# Grub 1 disk numbers [SOLVED]

## binro

I am trying to revert to Grub:1 because I can't get good frame-buffer resolution with Grub 2 and the NVidia binary drivers. The trouble with this scheme is that last time the box was serviced the guy plugged the disks in such that the BIOS reports this layout:

Ch 0: Master None        Secondary  DVD

Ch 1: Master WDC        Secondary  SGT

I want to boot off the WDC disk but I am not sure what to code in the "root (hdX,1)" statement. The device.map file contains:

```

(hd0)   /dev/sda

(hd1)   /dev/sdb

(hd2)   /dev/sdc

```

and I installed Grub to /dev/sda.

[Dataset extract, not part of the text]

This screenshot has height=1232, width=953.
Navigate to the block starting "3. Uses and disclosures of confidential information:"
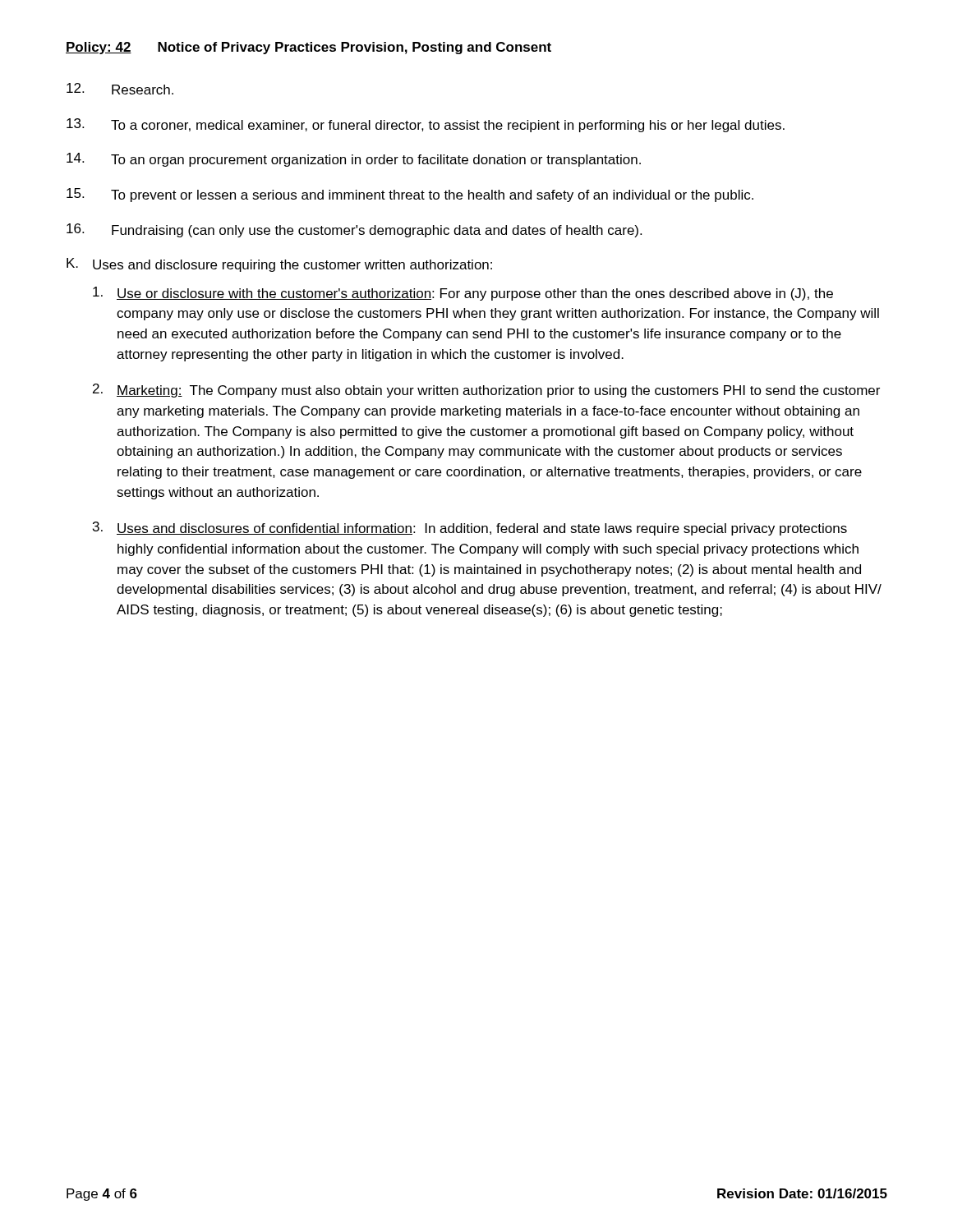(490, 570)
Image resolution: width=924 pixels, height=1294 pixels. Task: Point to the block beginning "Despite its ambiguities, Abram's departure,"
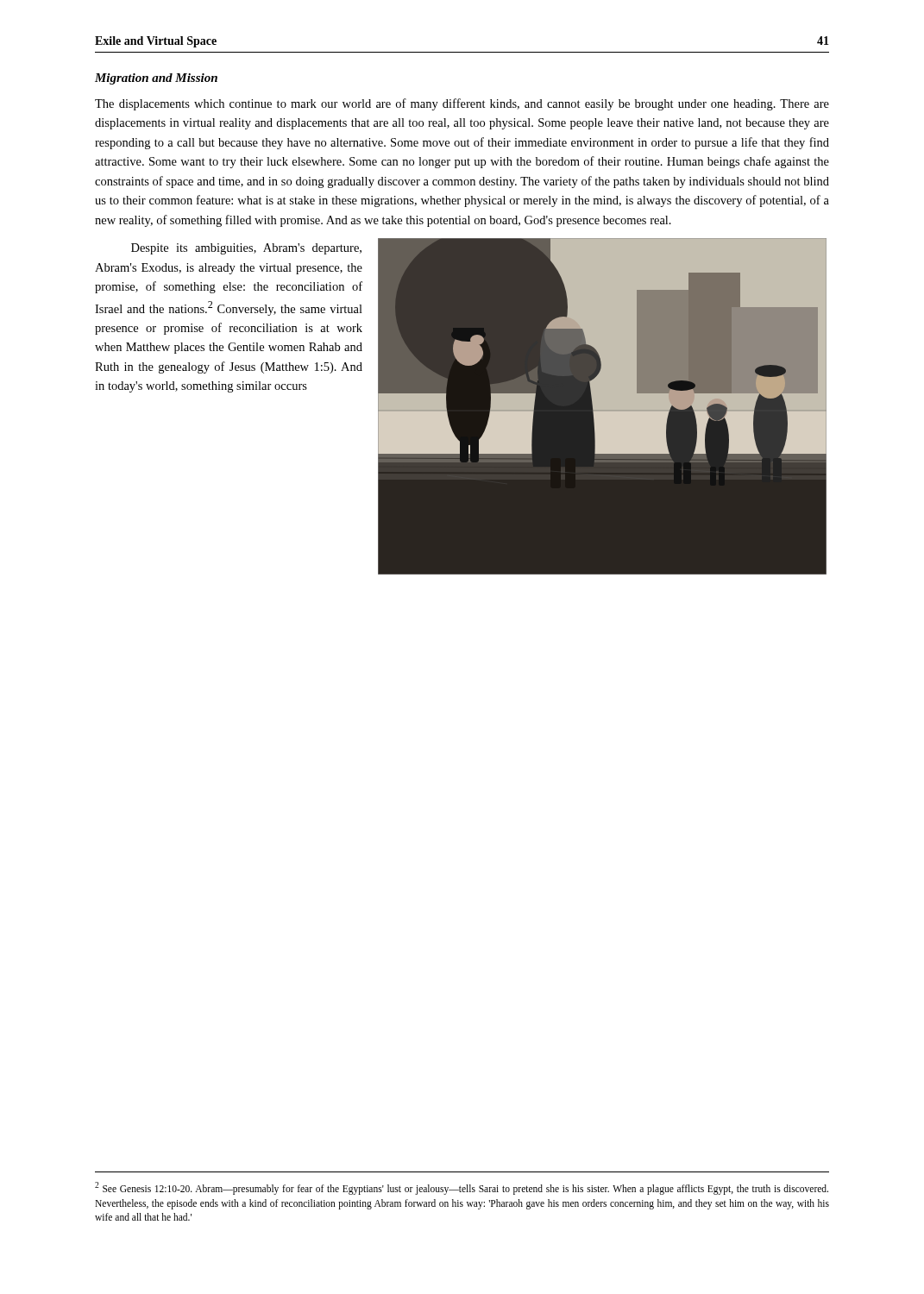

When I boot I get a garbled Grub menu and message about not finding a file system, where X = 0,1,2. Grub2 works fine because it uses the UUID of the disks but the console resolution is not very high (I have a new 1920x1080 HDMI monitor and want to use all the screen). Any ideas?

TIA

----------

## NeddySeagoon

binro,

The first HDD detected by the BIOS is hd0 and so on.

I suspect it will be hd0.

The garbled menu can be caused by the splashimage line. Comment it out.

----------

## binro

I used the Grub shell and the find command and realised I was specifying the wrong partition. I have rearranged the partitions since I last used Grub legacy.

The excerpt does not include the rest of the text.